◆ **AIM OF THE TASK**: When the word "each" shows up in a line of the records below, copy that line.

◆ **INFORMATION**:
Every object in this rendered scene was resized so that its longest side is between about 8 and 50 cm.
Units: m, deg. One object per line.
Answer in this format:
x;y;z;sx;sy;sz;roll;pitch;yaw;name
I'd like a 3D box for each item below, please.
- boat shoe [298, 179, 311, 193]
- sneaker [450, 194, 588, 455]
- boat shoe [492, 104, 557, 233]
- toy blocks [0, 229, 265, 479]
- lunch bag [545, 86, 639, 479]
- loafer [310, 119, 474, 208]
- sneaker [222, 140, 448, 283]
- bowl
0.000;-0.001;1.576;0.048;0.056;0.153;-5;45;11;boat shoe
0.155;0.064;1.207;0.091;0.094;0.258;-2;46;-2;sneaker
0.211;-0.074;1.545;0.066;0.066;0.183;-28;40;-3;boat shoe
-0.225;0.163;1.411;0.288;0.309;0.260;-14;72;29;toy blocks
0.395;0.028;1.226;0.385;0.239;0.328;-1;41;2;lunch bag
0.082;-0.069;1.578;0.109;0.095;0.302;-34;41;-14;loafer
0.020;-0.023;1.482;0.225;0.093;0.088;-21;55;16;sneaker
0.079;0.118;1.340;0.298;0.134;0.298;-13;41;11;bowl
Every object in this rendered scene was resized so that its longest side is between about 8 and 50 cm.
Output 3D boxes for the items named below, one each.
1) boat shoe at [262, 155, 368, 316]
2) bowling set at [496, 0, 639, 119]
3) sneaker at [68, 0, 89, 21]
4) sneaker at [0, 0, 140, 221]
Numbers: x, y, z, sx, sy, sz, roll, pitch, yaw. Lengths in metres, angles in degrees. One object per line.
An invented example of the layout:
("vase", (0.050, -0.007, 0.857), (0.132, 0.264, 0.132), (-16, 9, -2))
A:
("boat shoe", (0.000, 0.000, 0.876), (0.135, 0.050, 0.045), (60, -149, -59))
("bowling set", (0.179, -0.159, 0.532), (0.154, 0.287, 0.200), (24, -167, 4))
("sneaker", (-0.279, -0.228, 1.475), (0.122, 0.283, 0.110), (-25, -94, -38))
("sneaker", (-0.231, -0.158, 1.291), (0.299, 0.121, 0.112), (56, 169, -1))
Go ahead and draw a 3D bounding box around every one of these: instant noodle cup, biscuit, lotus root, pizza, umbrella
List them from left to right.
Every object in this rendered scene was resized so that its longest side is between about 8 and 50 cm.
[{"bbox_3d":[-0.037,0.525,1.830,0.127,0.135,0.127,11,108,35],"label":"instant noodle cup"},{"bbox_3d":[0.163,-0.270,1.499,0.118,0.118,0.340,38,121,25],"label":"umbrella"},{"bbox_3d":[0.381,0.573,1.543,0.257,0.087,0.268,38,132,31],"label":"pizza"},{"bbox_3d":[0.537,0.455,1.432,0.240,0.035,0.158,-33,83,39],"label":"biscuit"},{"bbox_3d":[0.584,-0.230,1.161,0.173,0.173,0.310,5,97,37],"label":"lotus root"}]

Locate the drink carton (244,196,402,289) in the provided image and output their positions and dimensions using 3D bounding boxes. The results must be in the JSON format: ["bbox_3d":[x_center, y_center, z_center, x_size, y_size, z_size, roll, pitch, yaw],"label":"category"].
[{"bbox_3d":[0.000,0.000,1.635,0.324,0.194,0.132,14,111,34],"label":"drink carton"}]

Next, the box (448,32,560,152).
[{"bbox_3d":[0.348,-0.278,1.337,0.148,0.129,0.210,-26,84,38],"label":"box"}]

◆ **EXERCISE ANSWER**:
I'd like a 3D box for each item below, please.
Output 3D boxes for the items named below, one each.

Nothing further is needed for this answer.